I read an article about residency training in "Pharos," the Alpha Omega Alpha magazine. AOA is the Phi Beta Kappa for medical students. It spoke of the long hours house officers have to be on duty. Of all the people in the world, doctors (in charge of training programs) should know best that prolonged wakefulness and lack of sleep could lead even the best trained and most motivated doctor to make avoidable mistakes. This provoked me to write this and send it to the author of the article.
79. Training experiences
My internship and residency experience
When I graduated from medical school in March 1946, I thought that I wanted to be a thoracic surgeon-based more on my admiration of Duane Carr, a Memphis thoracic surgeon, than on my talents and inclination.
I chose Henry Ford Hospital for a rotating internship majoring in surgery. My work (training) schedule was as follows: Two of us interns would be assigned to a floor. One would be in the operating room assisting (far down the line). When the operating schedule for the assigned room was over, the intern could go home. We did not receive quarters or food, but did receive a stipend in lieu of maintenance. Since I was married, this worked out very well. At first I received $150 a month, but this was soon raised to $170. We had no children and my wife had a full time job.
The floor intern took care of the patients (under supervision of residents and a full time paid staff). This intern had the responsibility for working up (examining) patients admitted that afternoon for surgery the next day. When these tasks were done, the intern could go home.
We had night residents-one on medicine and one on surgery. These doctors went on duty at 10:30 and off the next morning at 7. Since we did not have charity patients (except the children from the Michigan Children’s Service (Protestant) and St. Vincent de Paul (Catholic) orphans, we did not have a big emergency service as so many charity hospitals did.
My internship was for fifteen months due to the end of the nine-nine-plan that was in use during World War II.
I then had obligated service with the Army due to my having been in medical school on the Army Specialized Training Program.

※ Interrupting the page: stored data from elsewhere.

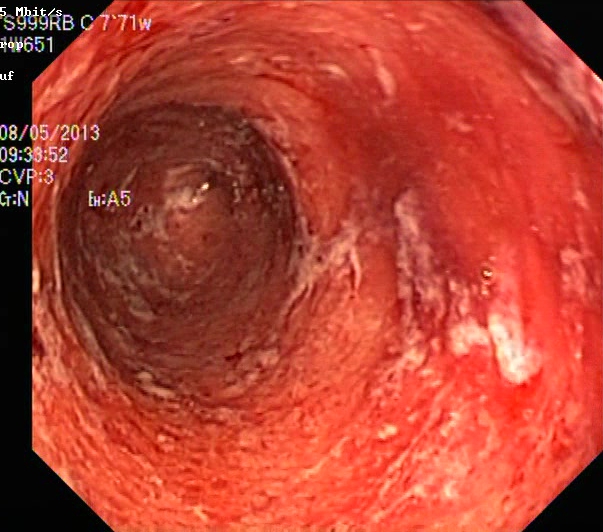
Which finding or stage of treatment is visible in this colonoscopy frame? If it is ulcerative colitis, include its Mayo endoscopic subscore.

ulcerative colitis, Mayo endoscopic subscore 3
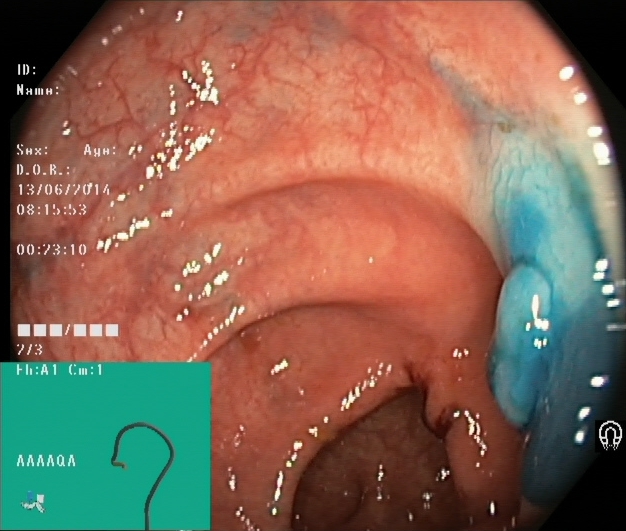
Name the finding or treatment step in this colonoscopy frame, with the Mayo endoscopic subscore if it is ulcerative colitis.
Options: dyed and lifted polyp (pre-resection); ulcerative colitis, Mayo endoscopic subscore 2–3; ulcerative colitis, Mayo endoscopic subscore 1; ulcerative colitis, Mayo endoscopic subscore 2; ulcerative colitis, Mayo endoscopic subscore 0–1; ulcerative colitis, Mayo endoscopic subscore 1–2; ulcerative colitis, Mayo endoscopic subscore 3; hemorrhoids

dyed and lifted polyp (pre-resection)
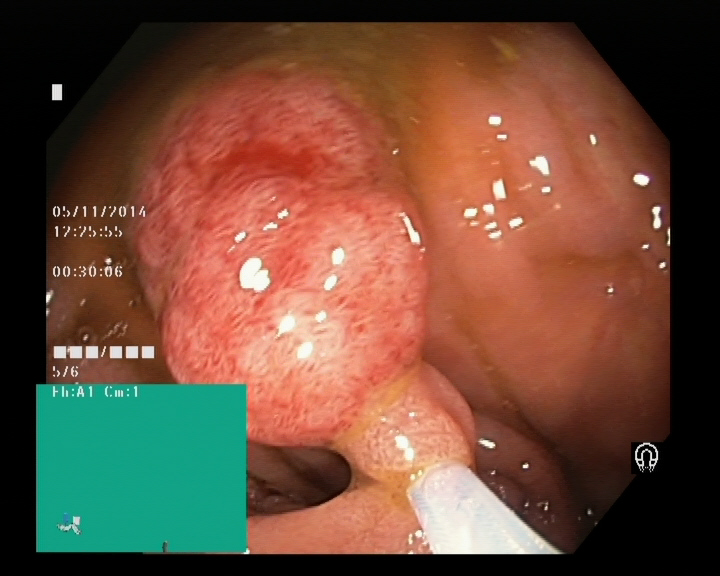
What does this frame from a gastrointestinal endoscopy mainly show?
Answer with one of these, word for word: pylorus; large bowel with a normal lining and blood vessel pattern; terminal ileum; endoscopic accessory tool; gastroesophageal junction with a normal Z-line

endoscopic accessory tool
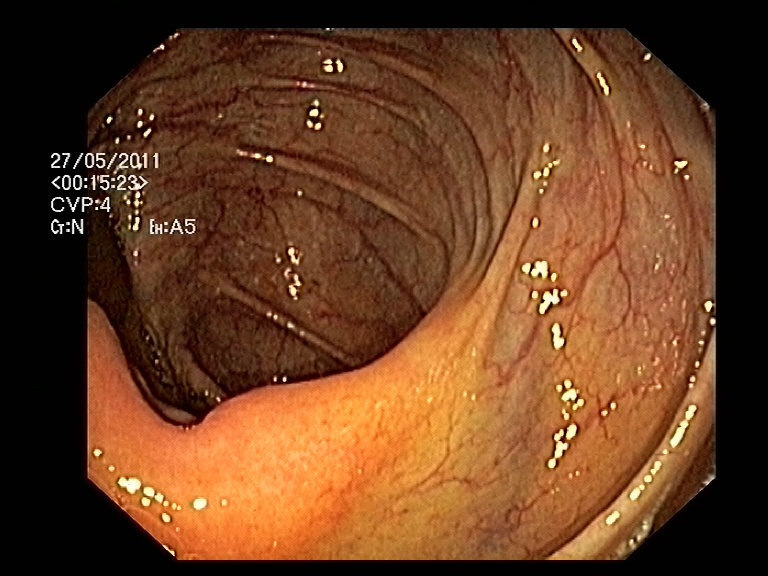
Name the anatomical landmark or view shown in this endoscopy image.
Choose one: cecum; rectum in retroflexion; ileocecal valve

ileocecal valve
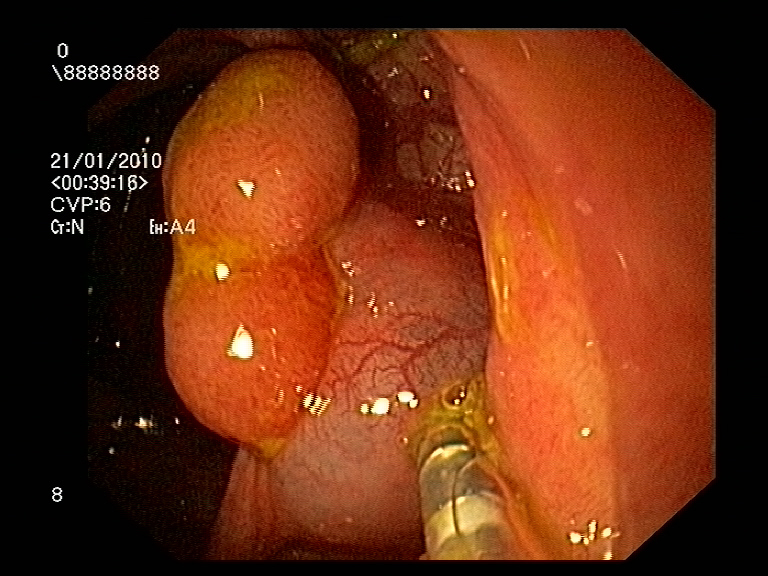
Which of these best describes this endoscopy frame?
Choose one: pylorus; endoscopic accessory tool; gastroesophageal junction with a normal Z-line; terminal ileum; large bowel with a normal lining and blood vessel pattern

endoscopic accessory tool
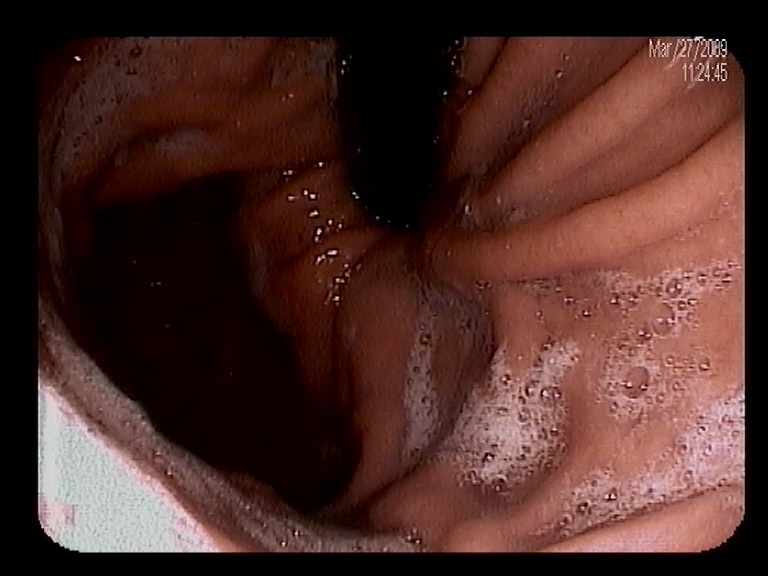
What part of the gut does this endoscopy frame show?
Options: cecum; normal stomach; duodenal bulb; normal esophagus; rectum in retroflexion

normal stomach
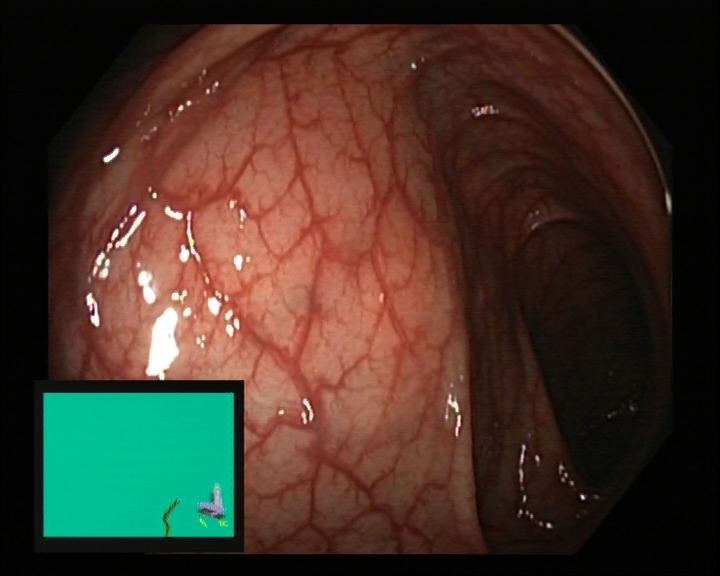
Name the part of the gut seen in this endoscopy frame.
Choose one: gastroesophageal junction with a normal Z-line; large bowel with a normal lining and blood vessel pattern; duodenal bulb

After twenty months as a medical officer at the 130th Station Hospital in Heidelberg, I returned to Ford Hospital. During my army service I had decided that I really wanted to be a physician rather than a surgeon.
Medical residents were assigned two months stints on various services. Ford Hospital had sub-specialists even back then. Cardiac, Respiratory, Metabolic, Gastro-Enterology, Preventive Medicine, Rheumatology, Pediatric Cardiology (Mason Sones had his training there), Allergy, several General Medicine sections and New Patient Group (where patients new to the Ford system had a complete physical), Neurology and Psychiatry.
I spent two years rotating and then I was appointed one of five assistant resident physicians. We supervised the interns and took call every five evenings from 5 until 11 after which we could go home. In this position I was paid the princely sum or $400. That was a lot for those days and the dollar had a lot more purchasing power than it has now. My wife continued to work until she had our first child in October 1950.
So enlightened treatment of house officers began long ago. I felt that I had a superior training and was well equipped to practice internal medicine. Back then in this town, Kingsport, Tennessee, internists did all the medical consulting work Later on I was involved with training the first crop of interns associated with the medical school established in Johnson City (twenty miles from here)-the Quillen School of Medicine of East Tennessee State University.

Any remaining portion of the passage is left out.